Él se sonrió.
– Estás borracha.
– Voy a buscar un trabajo -dijo ella, decidida.
– Hablaremos de ello mañana por la mañana.
La expresión de Elizabeth cambió.
– Por favor, déjame embarazada esta noche -y luego todo su cuerpo se relajó. Se quedó dormida.
– Así, no -susurró él-. Así, nunca.
Le quitó suavemente el resto de la ropa, la acostó y arropó. Luego se echó atrás para admirar su belleza y vulnerabilidad.
Su teléfono móvil sonó y él lo atendió enseguida, por miedo a que despertase a Elizabeth.
Pero ella ni se movió.
– Soy Collin. Selina está en mi casa -dijo una voz.
Eran las nueve y media.
– ¿Ocurre algo? -preguntó Reed.
– ¿Puedes venir?
– ¿Por qué no venís aquí? Elizabeth está dormida…
Reed, por alguna razón, no quería dejarla sola.
– Enseguida iremos -y Collin colgó.

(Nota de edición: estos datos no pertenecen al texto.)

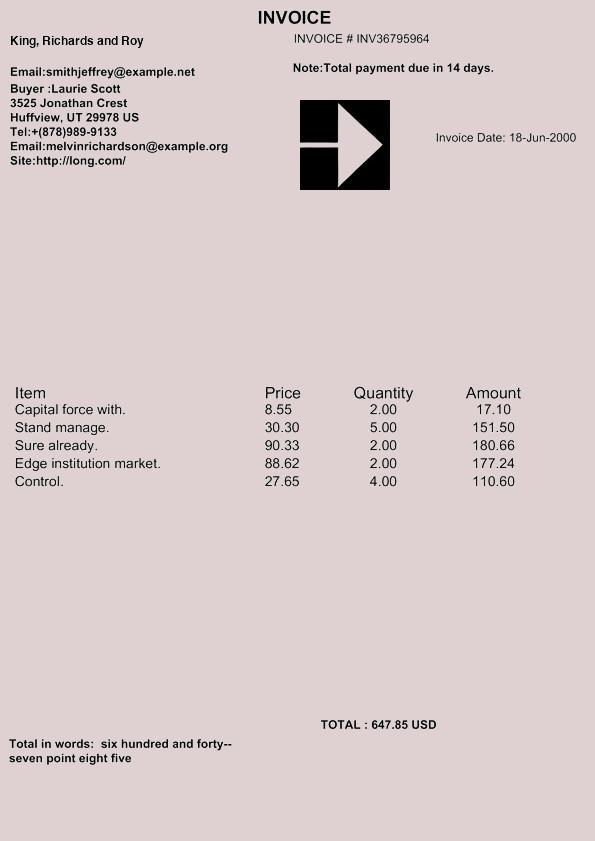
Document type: Invoice

Reed cerró suavemente la puerta del dormitorio.
La realidad era que habían perdido la oportunidad aquel mes. Ya que Elizabeth tardaría por lo menos veinticuatro horas en estar remotamente romántica otra vez.

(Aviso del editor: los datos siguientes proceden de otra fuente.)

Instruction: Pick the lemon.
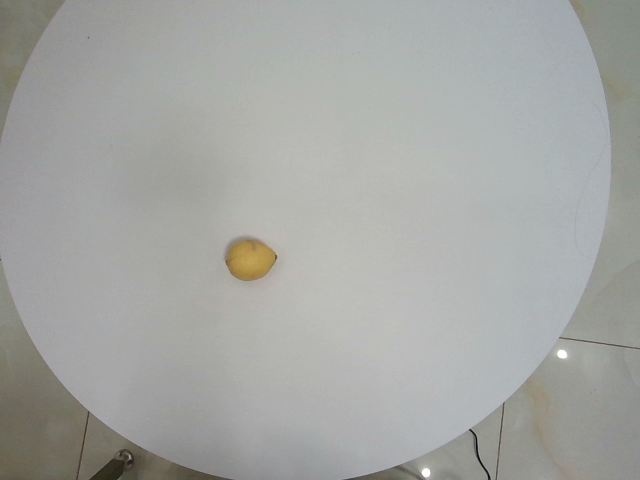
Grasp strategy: vertical

Y eso la enfadaría también.
Empezaba a sentirse un poco agobiado con tantos problemas, los de su negocio y los personales.
Por primera vez Reed se preguntó si el trabajo duro y la ingenuidad serían suficientes para salir sin cargos.
Hubo unos suaves golpes en la puerta de entrada. Fue a abrir.
Reed llevó a Collin y a Selina a su despacho.
– Creí que tenías a alguien protegiendo a Elizabeth -le dijo Reed a Selina.
Selina se sobresaltó.
– Y tengo a alguien -contestó.
– Ha ido al centro hoy. Quiero información sobre cosas como ésa.
– De acuerdo -dijo Selina.
– ¿Ocurrió algo cuando Elizabeth estuvo en el centro? -preguntó Collin.
– Visitó a una amiga. Pero yo no sabía dónde estaba.
– Para que quede claro, ¿quieres un informe de las actividades diarias de la señora Wellington o de amenazas potenciales?
– No estoy espiando a mi esposa -protestó él.
– Tal vez podríamos cambiar algunos aspectos de la operación -sugirió Selina-. Pon a Joe más cerca de la señora Wellington. Por ejemplo, como su chófer. De ese modo no tiene que estar oculto, y puede informarte cada tanto.
– Eso me gusta. ¿Qué más tenéis? -comentó Reed.
– A Kendrick -dijo Collin.
– ¿Te has puesto en contacto con él?
Collin agitó la cabeza.
– Está todavía en Washington, reacio a que lo localicemos. Pero ha salido a la luz más información.
– ¿Es de ayuda?
Collin y Selina se miraron.
– Lamentablemente, Hammond y Pysanski también invirtieron en Ellias y ganaron un pastón.
– Pero ellos son…
– Los antiguos socios de negocios de Kendrick.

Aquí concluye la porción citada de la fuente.